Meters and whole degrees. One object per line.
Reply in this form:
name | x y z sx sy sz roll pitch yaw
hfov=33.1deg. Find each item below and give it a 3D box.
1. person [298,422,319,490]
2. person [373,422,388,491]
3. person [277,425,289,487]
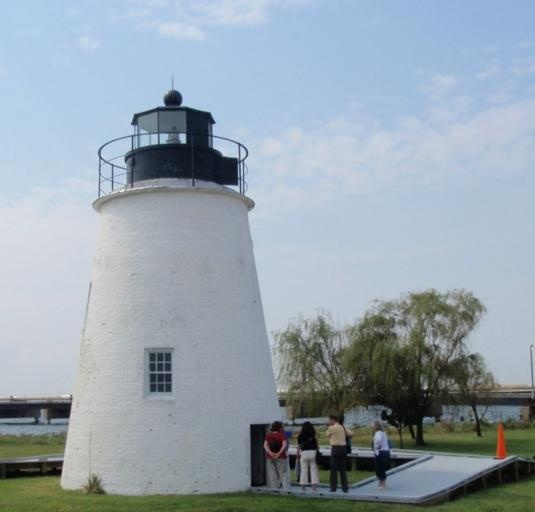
person | 1.019 5.029 22.825 0.479 1.712 0.682 -1 -5 2
person | 2.926 5.076 23.265 0.399 1.692 1.043 -2 -5 7
person | 0.350 5.081 23.174 0.373 1.678 0.656 -1 -5 1
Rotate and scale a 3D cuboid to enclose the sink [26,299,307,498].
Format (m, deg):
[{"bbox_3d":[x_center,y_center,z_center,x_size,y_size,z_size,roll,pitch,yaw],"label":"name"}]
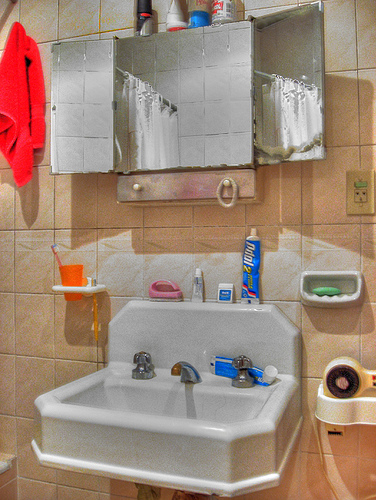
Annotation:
[{"bbox_3d":[-0.023,0.397,1.214,0.584,0.433,0.532,0,9,19],"label":"sink"}]

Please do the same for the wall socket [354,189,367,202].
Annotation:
[{"bbox_3d":[0.455,-0.143,1.288,0.028,0.034,0.004,2,4,20],"label":"wall socket"}]

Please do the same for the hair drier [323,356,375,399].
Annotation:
[{"bbox_3d":[0.384,0.306,1.176,0.117,0.081,0.059,-3,8,4],"label":"hair drier"}]

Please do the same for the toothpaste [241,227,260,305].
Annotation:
[{"bbox_3d":[0.178,0.047,1.375,0.058,0.220,0.028,4,3,27],"label":"toothpaste"}]

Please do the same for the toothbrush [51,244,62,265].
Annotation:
[{"bbox_3d":[-0.421,0.018,1.577,0.027,0.070,0.116,-5,9,-15],"label":"toothbrush"}]

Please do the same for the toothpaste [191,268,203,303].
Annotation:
[{"bbox_3d":[0.027,0.103,1.417,0.034,0.093,0.033,-3,8,0],"label":"toothpaste"}]

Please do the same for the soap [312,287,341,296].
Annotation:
[{"bbox_3d":[0.365,0.107,1.293,0.074,0.020,0.040,-1,9,17],"label":"soap"}]

Instructions to follow: Write down how many lines in this listing contain the word "roll"; the number is the whole answer.

Output of the task: 2